1 Reply Latest reply on Oct 29, 2008 9:58 AM by tonioc

    Design issue: packaging JAX-WS artifacts

    jimpo

      We have a project with several web services (A, B , C) and a client that uses them. The services and the client are separate subprojects, each built independently. Both the services and the client use jbossws JAX-WS but of course other types of external clients may exist as well.

      We create the interfaces from wsdl and schemas using wsconsume. This produces the service interface and tens of data classes for each service.

      What's the best approach for packaging these artifacts?

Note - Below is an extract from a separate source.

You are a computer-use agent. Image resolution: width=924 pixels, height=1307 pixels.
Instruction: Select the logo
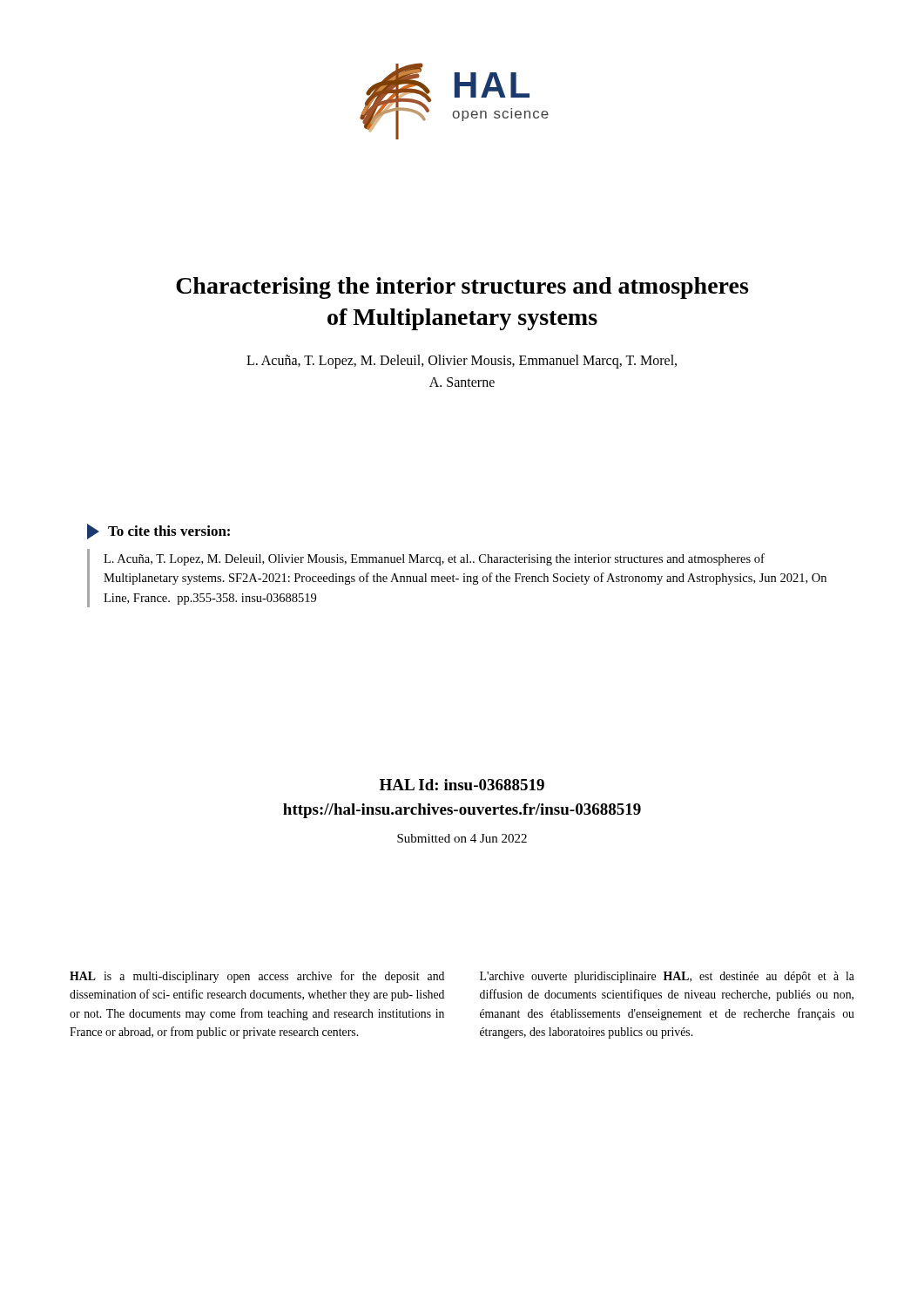pos(462,102)

      - having the same classes created for the client and the services so that the same classes exist in 2 places results in having to update lot of classes in 2 places when the interface changes
      - we could create separate jars for each web service interface: a.jar, b.jar, c.jar and include for example a.jar both in web service a project and the client project. This of course complicates the build structure a bit
      - or we could create a single webservice-api.jar which contains the artifacts for a, b, and c. Bit simpler build, but feels a bit bad to combine these 3 services which have nothing to do with each other into same package

        • 1. Re: Design issue: packaging JAX-WS artifacts

          Just thoughts:

          If I use web-services I'm supposing that you don't know nothing about the client and viceversa except for the WSDL.

          You may be tempted to add behavior to your generated classes, that won't be shown in the WSDL.

          A client that use your jar will have this behaviour added, but for example a .NET client won't know anything about that.

          So probably I will just use two different jars, and make sure that the client is just the WSDL mapped classes.